Кузьмич сильно рисковал, пропуская чужих за периметр, поэтому бо́льшую часть денег отдавал военным. Сам же довольствовался малым.

– Доброго утречка! – привычно прошамкал беззубым ртом старик, глядя, как Тихий выходит к нему из кустов.

Сутулый, худой как жердь, с дынеобразной лысоватой головой, Кузьмич смотрел на гостя и добро улыбался.

– И тебе не хворать, Кузьмич! – ответил парень, подходя ближе. – Как дела?

Собачонка, привязанная у калитки, залилась писклявым лаем.

– Греда, мать-перемать! Фу! Я сказал: фу! У-у, псина! – Старик погрозил ей кулаком.

Собака виновато поджала хвост, гремя цепью, спряталась в будке.

Кузьмич повернулся к гостю, ответил:

– Да какие дела? Дела у прокурора. У нас так, делишки.

И так крепко пожал руку Тихого, что у сталкера захрустели суставы.

Постояли, помолчали.

– Держи, гостинцев тебе принес.

Тихий протянул рюкзак.

– Гостинцы? Это хорошо. Благодарствую.

Старик привычным жестом забрал ношу, даже не проверяя ее содержимое: доверял. Да и кто рискнет обманывать Кузьмича? Беду накличешь. Это тоже старая примета.

– А ты к Матушке собрался в гости?

Кузьмич Зону только так называл – Матушка. Никак иначе. Казенно-уголовное слово «зона» резало слух когда-то оттоптавшему пятнашку строгача за дела давно минувших дней старику. Тихий пытался как-то осторожно выяснить, за что Кузьмичу такой срок впаяли, но тот лишь сухо отвечал: «За диссидентство», – и быстро переключался на другие темы.

– К ней самой, – ответил гость.

Говорить, по какому поводу идут в Зону, тоже считалось среди сталкеров плохой приметой, поэтому Кузьмич не стал уточнять цель визита. Лишь кивнул:

– И то хорошо, что ноги в порядке и есть куда ходить. Важна ведь не цель – путь к ней.

– Верно, – кивнул Тихий, особо не вдаваясь в философию старика.

Постояли немного на прохладном утреннем ветерке. Кузьмич достал было сигарету, да спохватился:

– Чайку хлебнешь?

– Нет, благодарю. Спешу.

– Ну тогда давай, не стану задерживать.

Старик махнул рукой, приглашая войти в дом. Тихий пошел.

Внутри пахло кислой капустой и табаком. Спартанское убранство говорило о том, что хозяин живет один. Насколько помнил Тихий, жена Кузьмича умерла давно, лет десять назад, с тех пор он один тут и обитал. Хотя один – это не совсем верно. Каждую неделю, а то и чаще, к нему наведывались такие же, как Тихий, гости. Нелегальные сталкеры давно пронюхали один секрет, который имелся у старика. С помощью этого секрета можно было попасть в Зону, минуя все кордоны и КПП, без шума и пыли.
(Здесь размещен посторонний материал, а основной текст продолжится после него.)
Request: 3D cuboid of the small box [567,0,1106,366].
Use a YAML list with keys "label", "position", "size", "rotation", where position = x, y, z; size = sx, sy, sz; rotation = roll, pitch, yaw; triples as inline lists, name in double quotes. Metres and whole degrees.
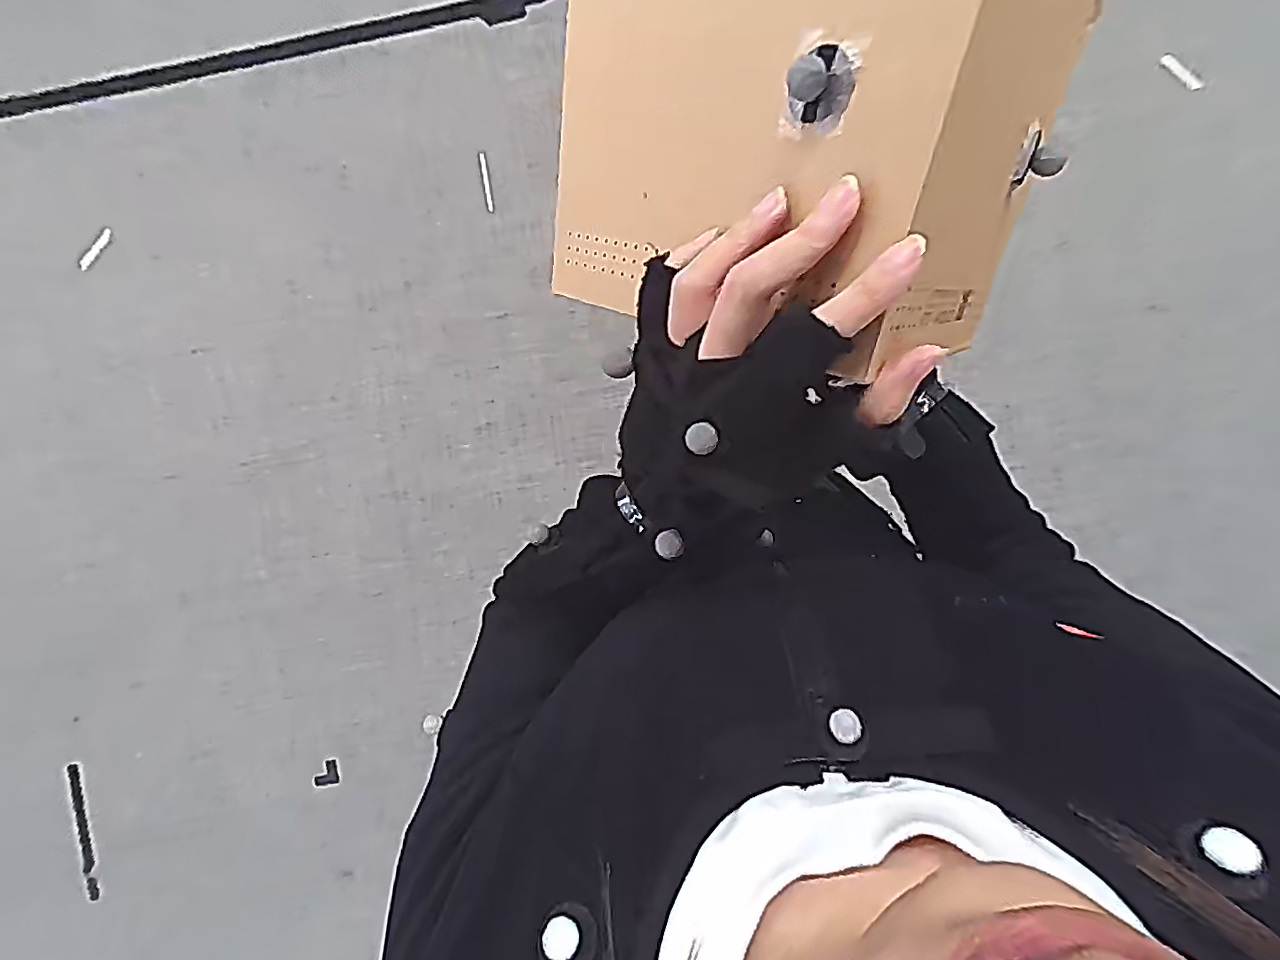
- label: "small box"
  position: [0.082, -0.157, 0.269]
  size: [0.179, 0.168, 0.176]
  rotation: [27, 121, 34]
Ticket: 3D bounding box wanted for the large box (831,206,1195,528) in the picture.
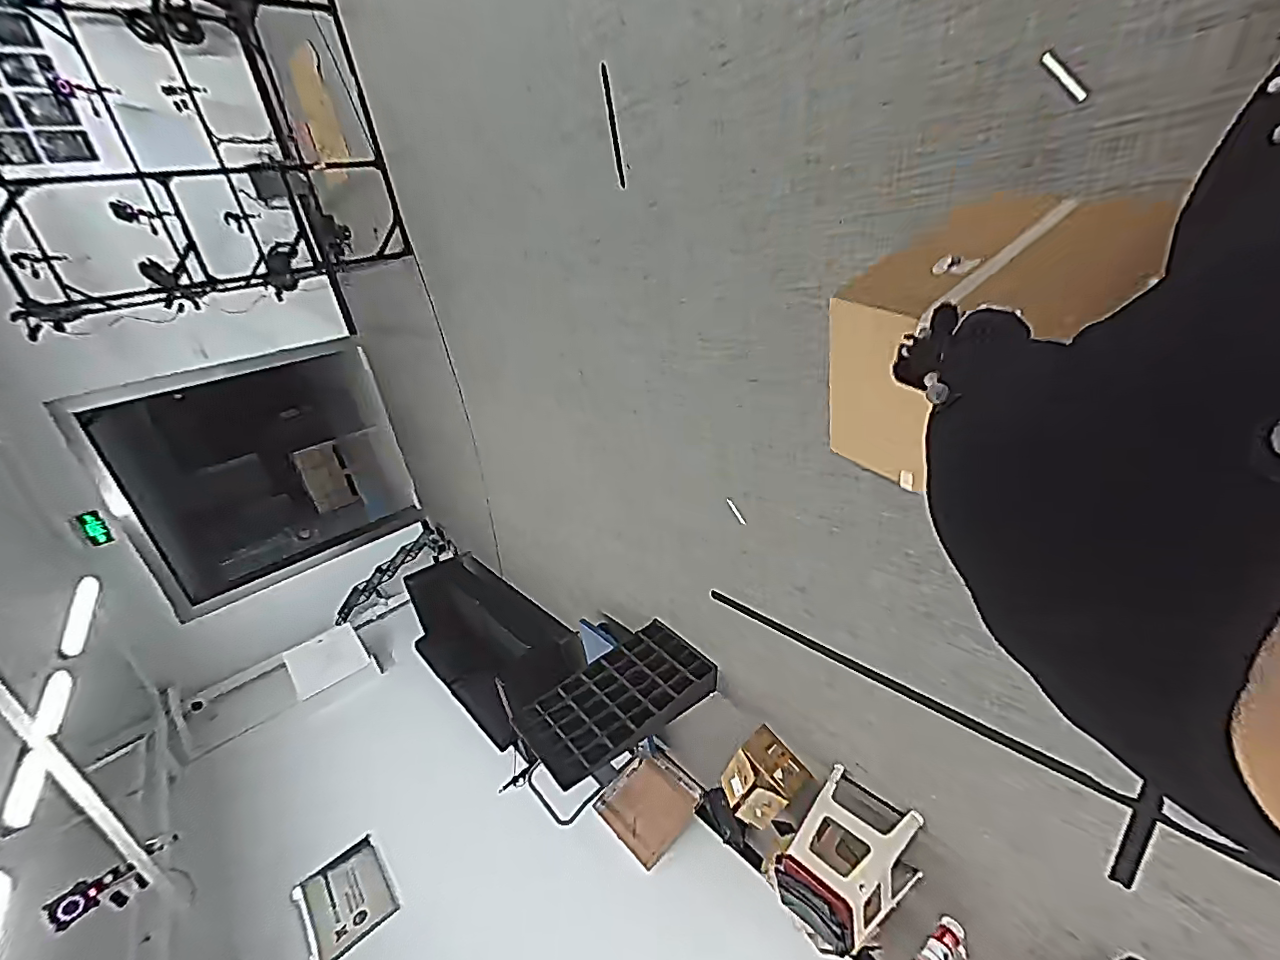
[{"bbox_3d":[0.565,-0.201,0.880,0.320,0.408,0.320,35,153,45],"label":"large box"}]
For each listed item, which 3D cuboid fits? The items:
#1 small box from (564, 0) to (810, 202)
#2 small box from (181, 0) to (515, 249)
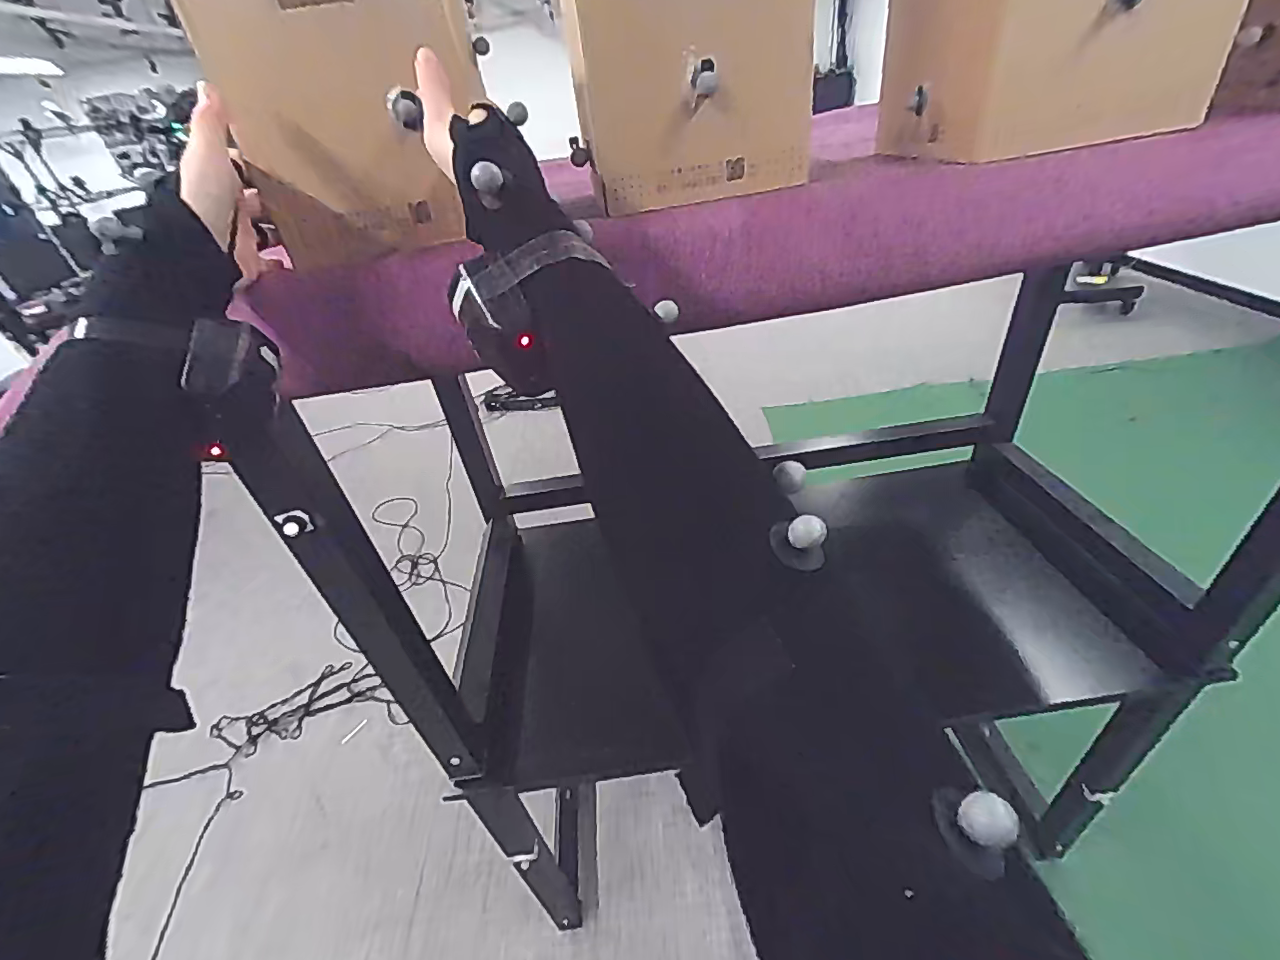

А старик и не против пропустить. И брал недорого – продуктами. А все деньги относил местному подполковнику – чтобы тот о его домике, стоящем на самой границе Зоны, не вспоминал. И все довольны.

– На днях кипение было, – прошептал Кузьмич, кивая на пол.

– Кипение? – переспросил Тихий, не понимая, о чем старик ему толкует.

– Ага. Я заглянул – а «бульон» кипит. Такая рябь и пузырьки по поверхности. Верно, черти огня дали во всю мощь, вот и кипит «бульон». И сияние. Красное. Давно такого не было – я по календарю сверялся.

Тихий лишь кивнул – сказать что-либо по этому поводу он не решился.

– Это какой-то знак. Но расшифровать не могу, – загадочно продолжил Кузьмич. Он, хоть и имел пять классов образования, любил науку и пытался во всем выискать закономерности. – Я проверял – ровно три года и семь месяцев назад было такое же кипение. Только там зеленоватый отблеск был. А тут красное кипение, – пробормотал дед и многозначительно протянул: – М-да, дела.

«Не свариться бы», – только и подумал Тихий, наблюдая, как старик, кряхтя, становится на колени и подслеповато рыщет по деревянному полу руками.